■ TASK REQUIREMENTS:
Your copy should contain exactly the lines from the start of the listing through the line that holds "You are a GUI", and no pictures.

■ DATA SUPPLIED:

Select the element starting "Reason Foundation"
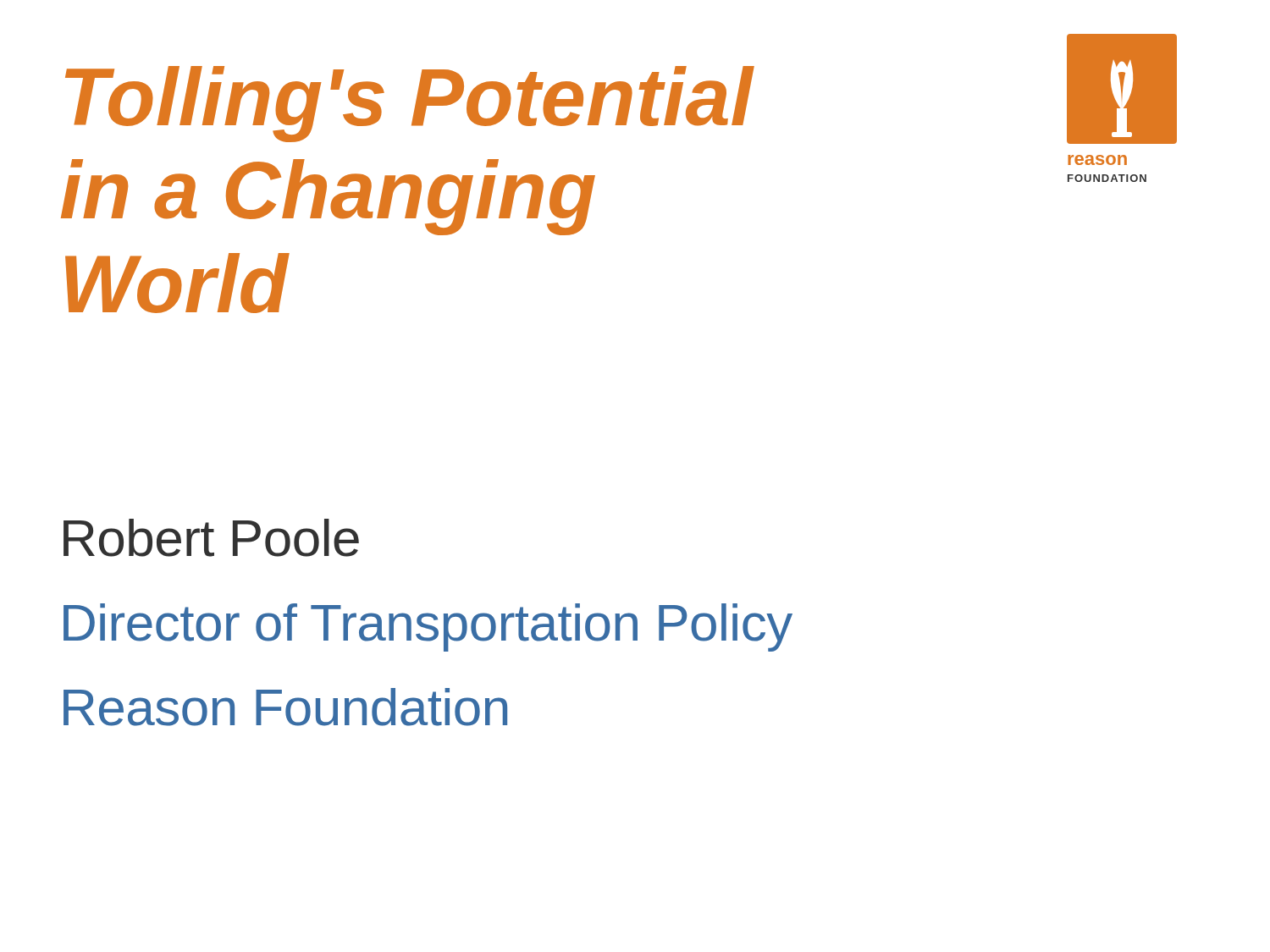This screenshot has height=952, width=1270. coord(285,707)
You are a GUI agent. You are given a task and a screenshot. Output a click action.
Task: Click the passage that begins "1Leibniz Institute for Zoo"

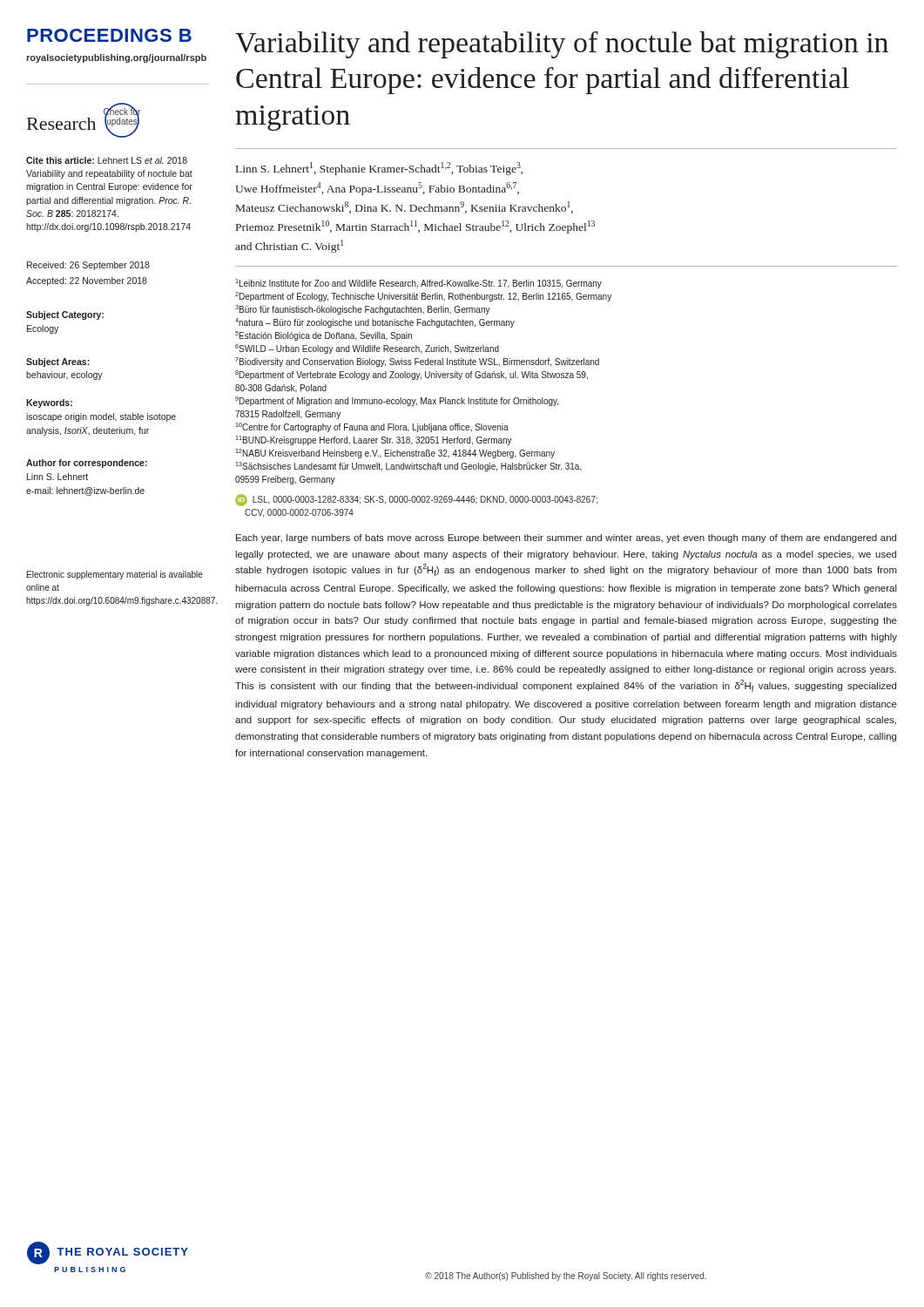coord(423,381)
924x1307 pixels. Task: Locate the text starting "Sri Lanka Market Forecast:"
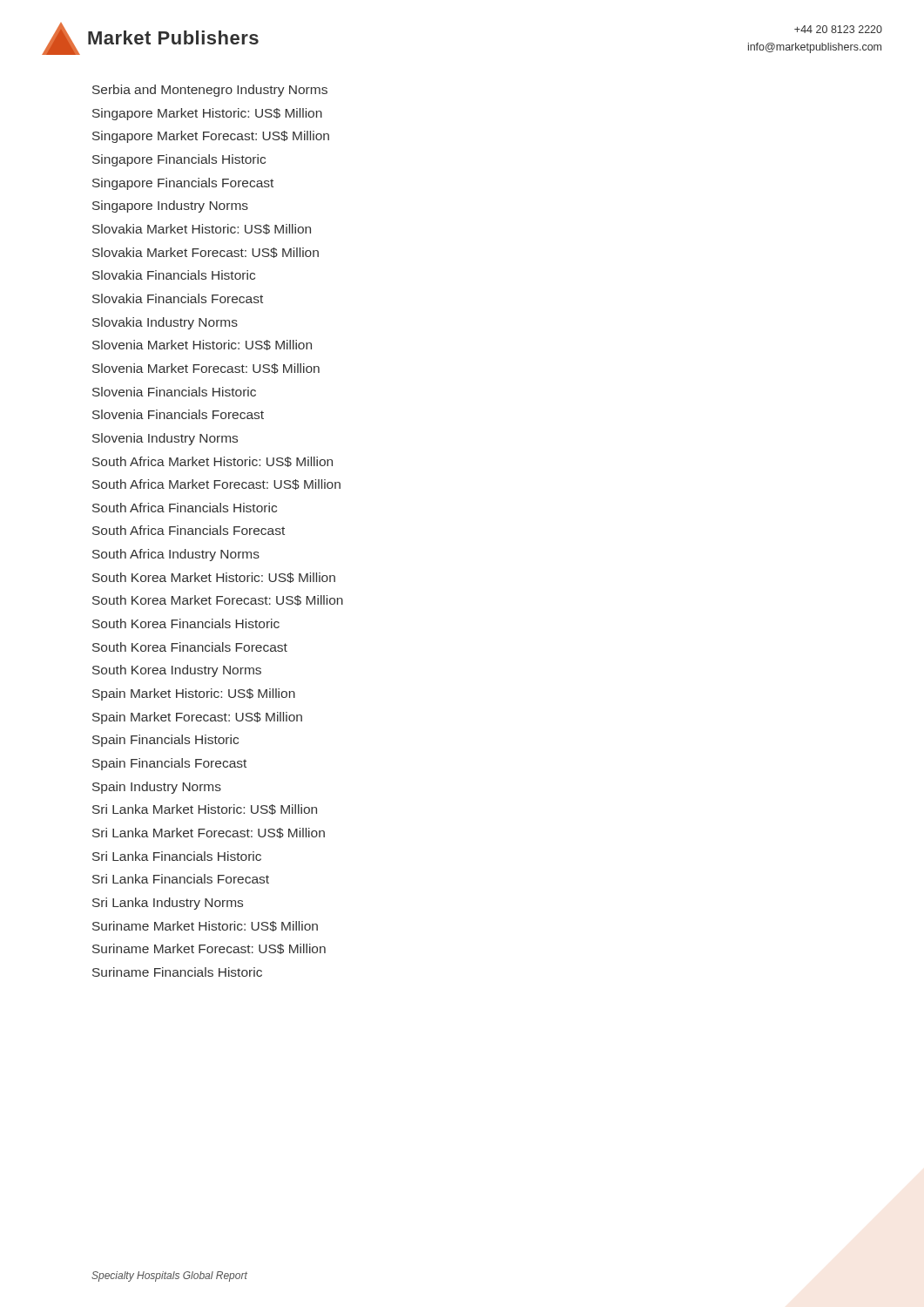[x=209, y=833]
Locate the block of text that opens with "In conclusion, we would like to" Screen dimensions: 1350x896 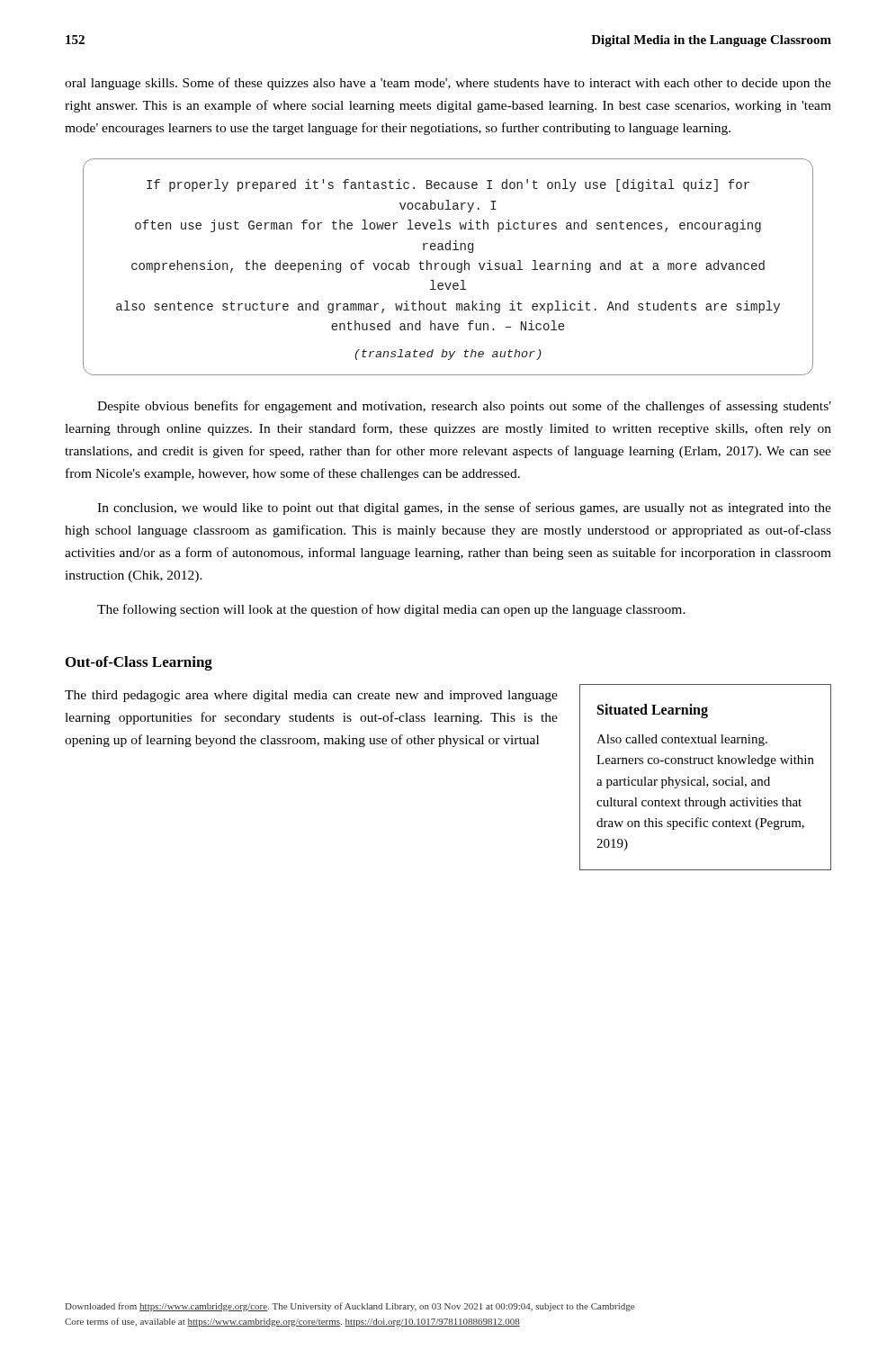[x=448, y=541]
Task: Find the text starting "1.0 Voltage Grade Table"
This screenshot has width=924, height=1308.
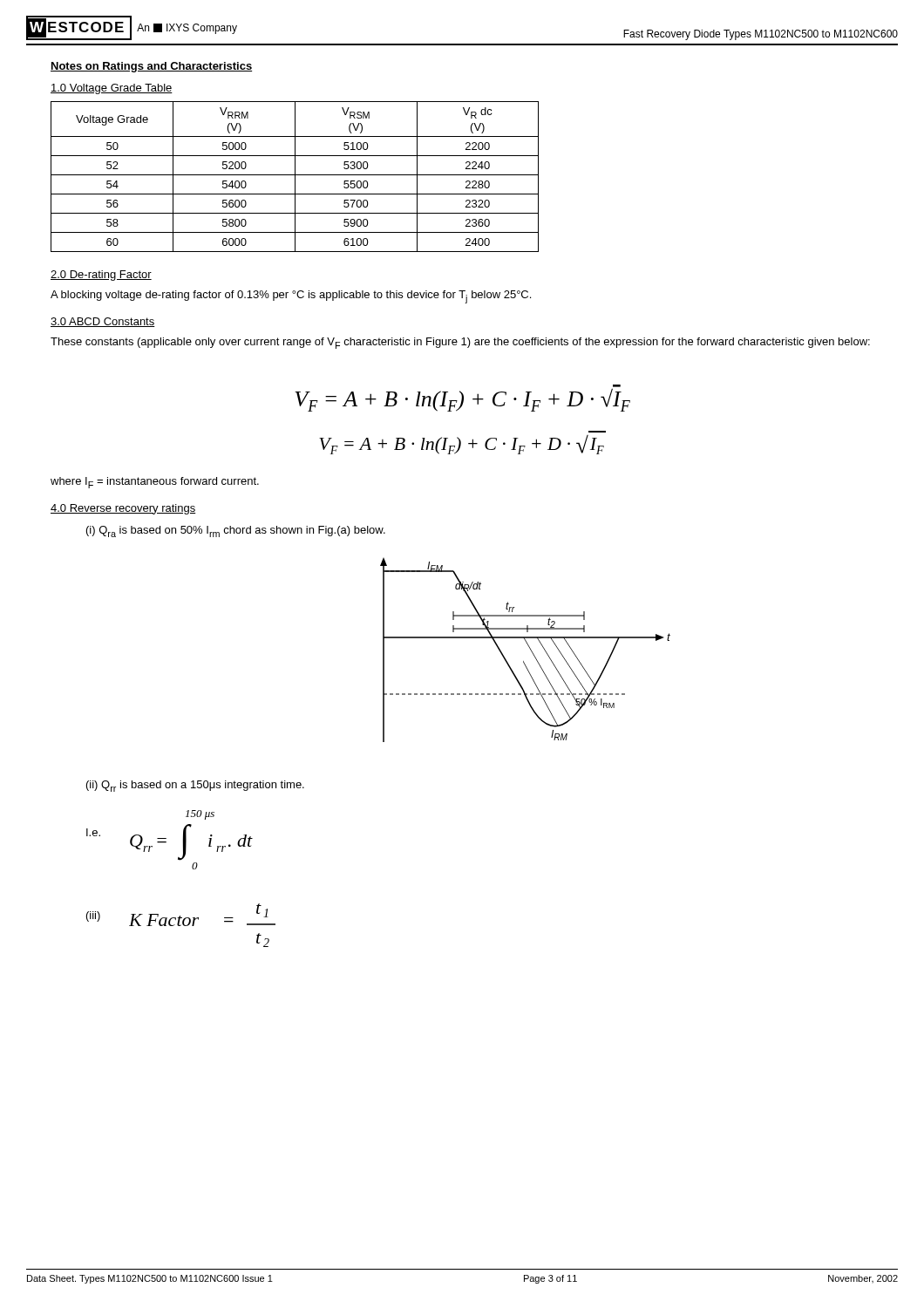Action: pos(111,88)
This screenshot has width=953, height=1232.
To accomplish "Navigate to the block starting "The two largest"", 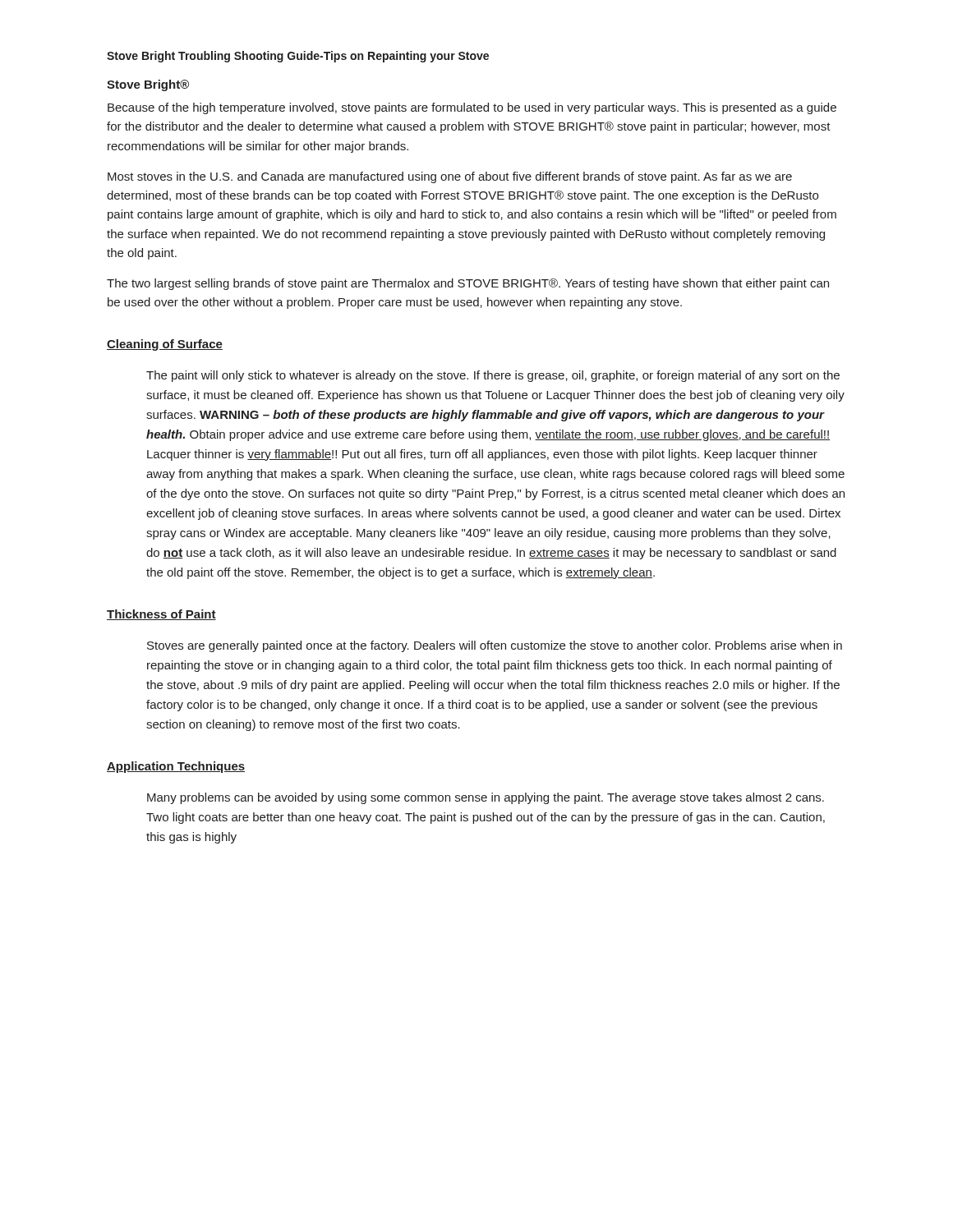I will pos(468,292).
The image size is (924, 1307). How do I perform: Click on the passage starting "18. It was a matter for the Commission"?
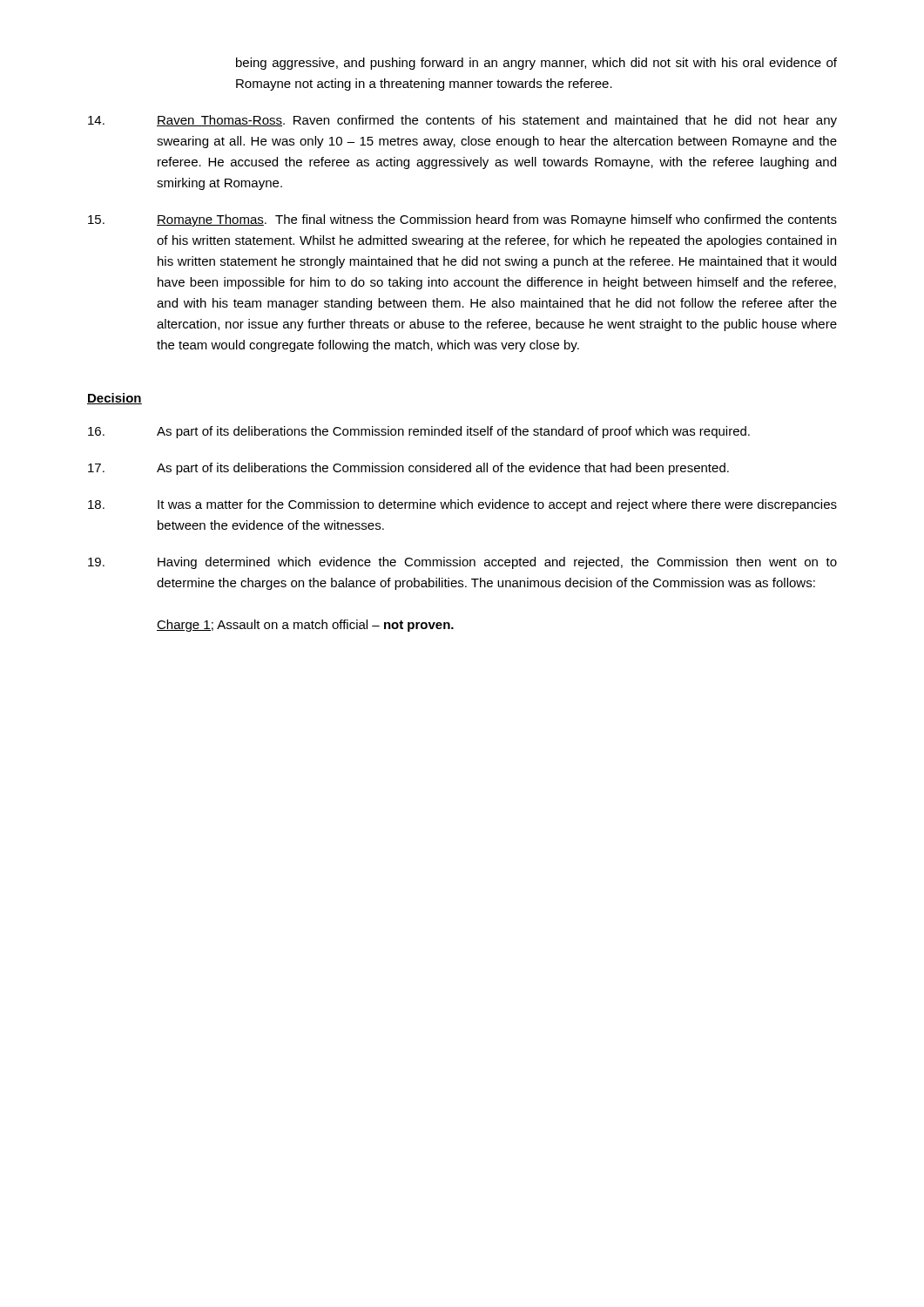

■ RESPONSE TO THE EXERCISE:
Select the element starting "Reason Foundation"
This screenshot has height=952, width=1270. coord(285,707)
You are a GUI agent. You are given a task and a screenshot. Output a click action.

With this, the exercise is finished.